Da*m you Gary, Everytime I look at you stuff I get the BW film bug. 
My wife would kill me after buying that D200! :chatty:


----------



## gsgary

Go on you know you want to


----------



## Rick58

Yeah, except my darkroom AND bed would be in the garage.


----------



## gsgary

Rick58 said:


> Yeah, except my darkroom AND bed would be in the garage.



If my son goes in the Army i will be getting an enlarger


----------



## Rick58

I think putting his bags by the door might be a little suspicious


----------



## unpopular

You certainly had better luck with this experiment than I did with Kodak CN in standard Dektol. Mine turned out grainy, murky and flat.


----------



## timor

Rick58 said:


> Yeah, except my darkroom AND bed would be in the garage.


Join the club. I am already there. _FREEDOM_ ! :lmao:
My CN in Rodinal came murky to. How about other color films ? I still have a handful of Kodak print films.


----------



## gsgary

timor said:
			
		

> Join the club. I am already there. FREEDOM ! :lmao:
> My CN in Rodinal came murky to. How about other color films ? I still have a handful of Kodak print films.



Im going to shoot some kodachrome 64 and develope in B+W


----------



## unpopular

^^ isn't that a bit unholy?


----------



## gsgary

unpopular said:
			
		

> ^^ isn't that a bit unholy?



You cant get it developed anymore so its either throw it away or play


----------



## unpopular

or make a shrine.


----------



## gsgary

unpopular said:


> or make a shrine.



Seen lots of good results on the internet, shots above i used 1+25 for 19 minutes, got another 7 rolls to play with much more fun than digital


----------



## unpopular

iirc, Kodachrome has more in common with b/w film than E6.


----------



## Railphotog

Why did your club members not want the film because it should be developed in C-41 process?  Cost or other?

The last few years I shot BW film this is what I used, saved me time in the darkroom.  I'd drop the film off to a local lab and not have prints made, worked out OK for me.  Of course I was just doing amateur stuff, so I didn't have any problems with the results.


----------



## gsgary

Railphotog said:
			
		

> Why did your club members not want the film because it should be developed in C-41 process?  Cost or other?
> 
> The last few years I shot BW film this is what I used, saved me time in the darkroom.  I'd drop the film off to a local lab and not have prints made, worked out OK for me.  Of course I was just doing amateur stuff, so I didn't have any problems with the results.

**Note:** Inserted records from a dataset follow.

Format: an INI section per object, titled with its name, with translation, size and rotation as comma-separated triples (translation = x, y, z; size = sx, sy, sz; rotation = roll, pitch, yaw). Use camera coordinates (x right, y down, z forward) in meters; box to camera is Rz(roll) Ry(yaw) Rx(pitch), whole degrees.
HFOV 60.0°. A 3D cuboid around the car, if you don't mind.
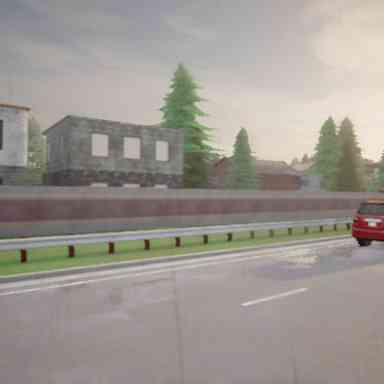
[car]
translation = 9.304, 1.393, 14.682
size = 5.566, 2.045, 2.150
rotation = 1, 0, -35
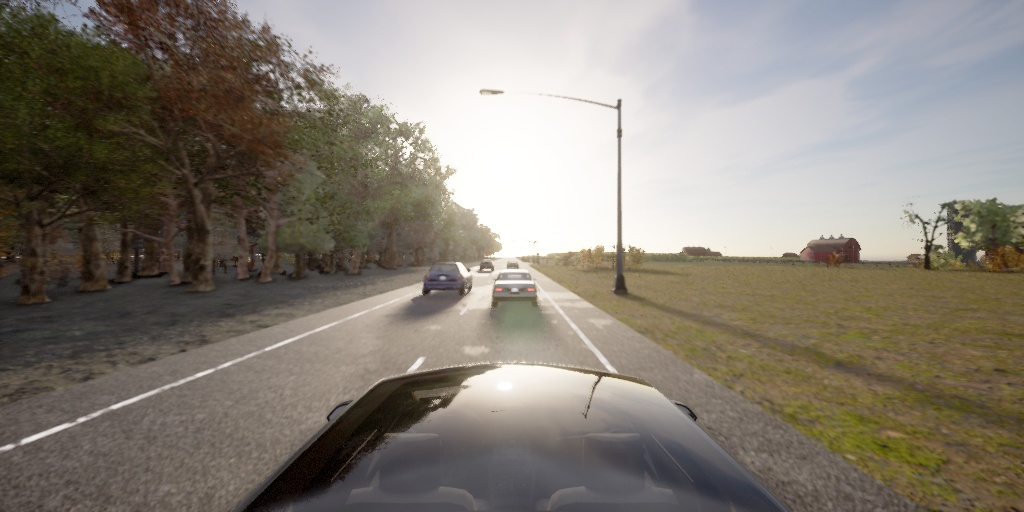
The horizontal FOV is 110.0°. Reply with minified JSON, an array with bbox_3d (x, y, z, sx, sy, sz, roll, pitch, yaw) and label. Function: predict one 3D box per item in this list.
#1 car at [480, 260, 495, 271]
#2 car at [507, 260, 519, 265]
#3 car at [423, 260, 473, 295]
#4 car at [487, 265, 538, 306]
[{"bbox_3d":[-3.376,1.240,49.243,1.837,1.490,4.892,0,0,0],"label":"car"},{"bbox_3d":[0.126,1.332,55.054,1.895,1.301,4.718,0,0,0],"label":"car"},{"bbox_3d":[-3.391,1.099,19.707,2.097,1.767,4.553,0,0,0],"label":"car"},{"bbox_3d":[0.105,1.296,15.651,2.033,1.411,5.357,0,0,0],"label":"car"}]
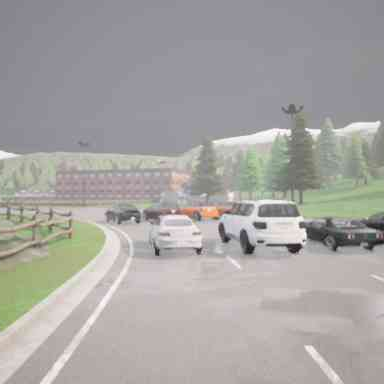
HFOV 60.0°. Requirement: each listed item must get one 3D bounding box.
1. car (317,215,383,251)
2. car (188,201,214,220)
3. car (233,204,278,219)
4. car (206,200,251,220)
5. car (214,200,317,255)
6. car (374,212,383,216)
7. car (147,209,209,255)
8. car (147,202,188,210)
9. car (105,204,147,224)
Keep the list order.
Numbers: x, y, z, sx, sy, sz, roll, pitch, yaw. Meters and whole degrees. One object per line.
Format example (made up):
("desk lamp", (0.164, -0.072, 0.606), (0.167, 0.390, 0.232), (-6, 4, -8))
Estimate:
("car", (6.197, 1.737, 14.862), (1.895, 1.301, 4.718), (0, -1, -10))
("car", (0.437, 1.638, 30.648), (2.097, 1.767, 4.553), (0, -1, -31))
("car", (6.473, 1.918, 34.206), (1.895, 1.301, 4.718), (0, -1, -30))
("car", (3.462, 1.653, 32.421), (2.097, 1.767, 4.553), (0, -1, -30))
("car", (2.759, 1.349, 14.223), (2.150, 2.045, 5.566), (0, 0, -9))
("car", (9.587, 1.620, 15.784), (1.882, 1.535, 5.008), (0, 0, -10))
("car", (-0.770, 1.659, 14.000), (1.812, 1.442, 4.674), (0, 0, -10))
("car", (-2.584, 1.624, 28.879), (2.097, 1.767, 4.553), (0, -1, -31))
("car", (-5.722, 1.769, 27.295), (1.837, 1.490, 4.892), (0, 0, -31))
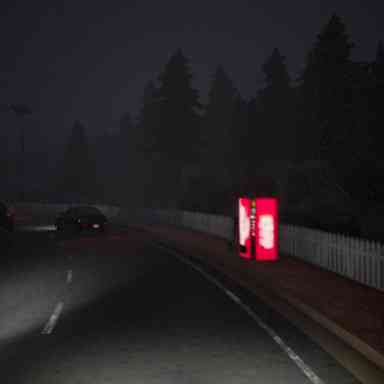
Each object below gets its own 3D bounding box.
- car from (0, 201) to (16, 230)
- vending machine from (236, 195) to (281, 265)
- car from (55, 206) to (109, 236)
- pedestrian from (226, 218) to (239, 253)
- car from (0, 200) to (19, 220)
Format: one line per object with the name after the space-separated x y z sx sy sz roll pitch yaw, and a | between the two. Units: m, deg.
-12.703 1.381 20.526 2.097 1.767 4.553 -1 0 -43 | car
2.101 1.147 10.599 1.100 2.100 0.880 0 0 -18 | vending machine
-6.162 1.516 18.511 1.812 1.442 4.674 0 0 -36 | car
1.482 1.096 11.176 0.375 1.860 0.375 0 0 -19 | pedestrian
-17.472 1.518 29.314 5.008 1.535 1.882 -1 0 36 | car
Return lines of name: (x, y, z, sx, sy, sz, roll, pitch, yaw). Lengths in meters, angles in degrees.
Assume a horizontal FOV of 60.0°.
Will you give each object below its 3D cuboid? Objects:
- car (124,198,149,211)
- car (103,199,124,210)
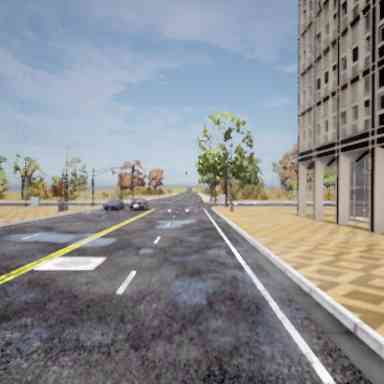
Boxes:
car: (-6.526, 1.488, 41.334, 2.128, 1.511, 4.902, 0, 0, 0)
car: (-9.766, 1.542, 42.272, 2.033, 1.411, 5.357, 0, 0, 0)
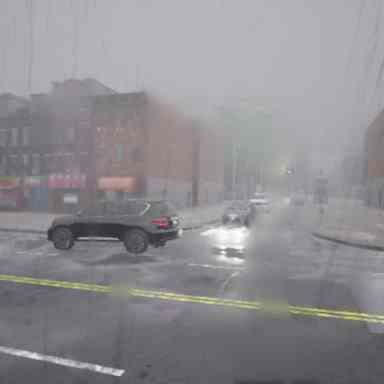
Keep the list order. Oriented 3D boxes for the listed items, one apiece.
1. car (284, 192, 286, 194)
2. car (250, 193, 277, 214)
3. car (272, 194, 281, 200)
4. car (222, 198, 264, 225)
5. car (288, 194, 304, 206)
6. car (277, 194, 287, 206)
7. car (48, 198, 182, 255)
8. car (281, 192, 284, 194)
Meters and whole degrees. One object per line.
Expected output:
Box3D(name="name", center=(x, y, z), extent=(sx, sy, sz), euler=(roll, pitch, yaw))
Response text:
Box3D(name="car", center=(22.474, 1.129, 86.166), extent=(2.008, 1.369, 4.403), euler=(2, 1, 19))
Box3D(name="car", center=(7.410, 1.136, 35.112), extent=(2.150, 2.045, 5.566), euler=(1, 1, 19))
Box3D(name="car", center=(20.756, 1.129, 81.298), extent=(1.752, 1.417, 4.829), euler=(2, 1, 19))
Box3D(name="car", center=(3.590, 1.480, 24.379), extent=(2.128, 1.511, 4.902), euler=(1, 1, 21))
Box3D(name="car", center=(15.944, 1.386, 50.419), extent=(2.033, 1.411, 5.357), euler=(1, 1, 17))
Box3D(name="car", center=(12.907, 1.377, 50.572), extent=(1.994, 1.385, 4.181), euler=(1, 0, 20))
Box3D(name="car", center=(-3.178, 1.305, 13.665), extent=(5.566, 2.045, 2.150), euler=(-1, 0, 19))
Box3D(name="car", center=(20.140, 1.165, 79.423), extent=(2.008, 1.369, 4.403), euler=(2, 1, 19))
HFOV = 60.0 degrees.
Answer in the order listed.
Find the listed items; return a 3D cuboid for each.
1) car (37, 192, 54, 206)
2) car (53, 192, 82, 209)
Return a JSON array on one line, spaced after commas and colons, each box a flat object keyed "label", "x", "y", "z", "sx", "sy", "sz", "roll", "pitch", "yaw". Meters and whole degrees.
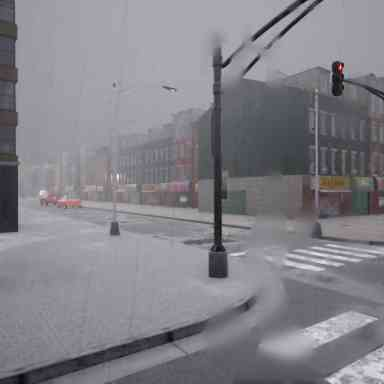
[{"label": "car", "x": -21.631, "y": 1.045, "z": 50.922, "sx": 2.150, "sy": 2.045, "sz": 5.566, "roll": 0, "pitch": 0, "yaw": -36}, {"label": "car", "x": -15.891, "y": 1.206, "z": 42.983, "sx": 2.097, "sy": 1.767, "sz": 4.553, "roll": 0, "pitch": 0, "yaw": -36}]
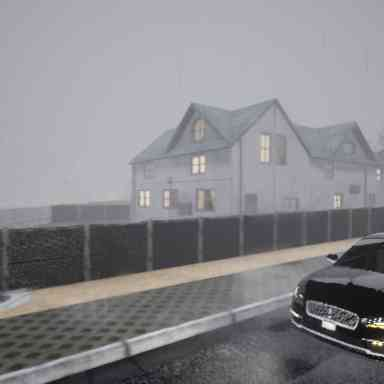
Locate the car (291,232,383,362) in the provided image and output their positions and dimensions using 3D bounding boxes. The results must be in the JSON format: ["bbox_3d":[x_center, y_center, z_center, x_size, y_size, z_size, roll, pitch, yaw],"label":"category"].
[{"bbox_3d":[3.755,1.503,5.804,4.892,1.490,1.837,0,0,-36],"label":"car"}]
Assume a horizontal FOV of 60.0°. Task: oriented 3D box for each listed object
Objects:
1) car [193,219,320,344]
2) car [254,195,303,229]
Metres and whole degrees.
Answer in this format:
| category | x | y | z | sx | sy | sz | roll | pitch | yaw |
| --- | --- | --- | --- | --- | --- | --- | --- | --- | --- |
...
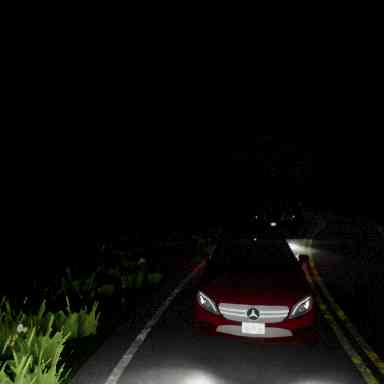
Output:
| category | x | y | z | sx | sy | sz | roll | pitch | yaw |
| --- | --- | --- | --- | --- | --- | --- | --- | --- | --- |
| car | 1.229 | 1.534 | 6.669 | 1.812 | 1.442 | 4.674 | -1 | 0 | 11 |
| car | 4.999 | 1.214 | 18.841 | 2.150 | 2.045 | 5.566 | -2 | -1 | 22 |
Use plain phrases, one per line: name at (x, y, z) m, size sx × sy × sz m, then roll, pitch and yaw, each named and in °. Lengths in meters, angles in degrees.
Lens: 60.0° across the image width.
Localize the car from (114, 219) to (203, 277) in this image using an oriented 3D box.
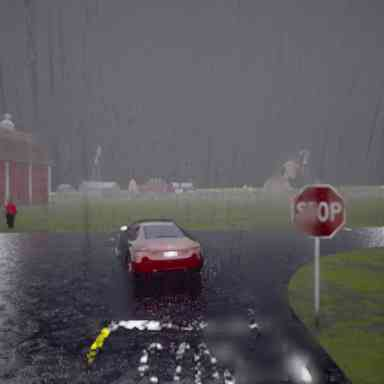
car at (-1.184, 1.523, 10.285) m, size 1.994 × 1.385 × 4.181 m, roll 0°, pitch 0°, yaw -19°

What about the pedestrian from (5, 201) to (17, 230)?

They dont want to use labs + cost


----------



## Sw1tchFX

Seems you can develop just about anything in Rodinal.....BW film...C41 film....Kodachrome....


----------



## unpopular

without dye coupling, you pretty much just have a b/w negative with inactive dyes. In the case of kodachrome, I think that the dye is applied after the exposure.


----------



## unpopular

... I wonder if you could develop in rodinal, couple with peroxide, bleach with ferricyanide?

DIY C41?


----------



## gsgary

unpopular said:


> without dye coupling, you pretty much just have a b/w negative with inactive dyes. In the case of kodachrome, I think that the dye is applied after the exposure.



Ive been given about 20 rolls of out of date color film 1999/95 ektar 25/100/1000, fuji superia, Fuji 400 NPH so i could try Rodinal with these ?


----------



## gsgary

unpopular said:


> ... I wonder if you could develop in rodinal, couple with peroxide, bleach with ferricyanide?
> 
> DIY C41?



I could try


----------



## unpopular

It'd be interesting to try to make your own C41 chemistry using rodinal. C41 developer is so mushy, it'd be interesting to see color rodinal!

Unfortunately I don't understand dye coupling at all.

...huh, now I'm off in wikipedia land, may have discovered a way to use silver acetate as precursor to it's own developer.... weird.


----------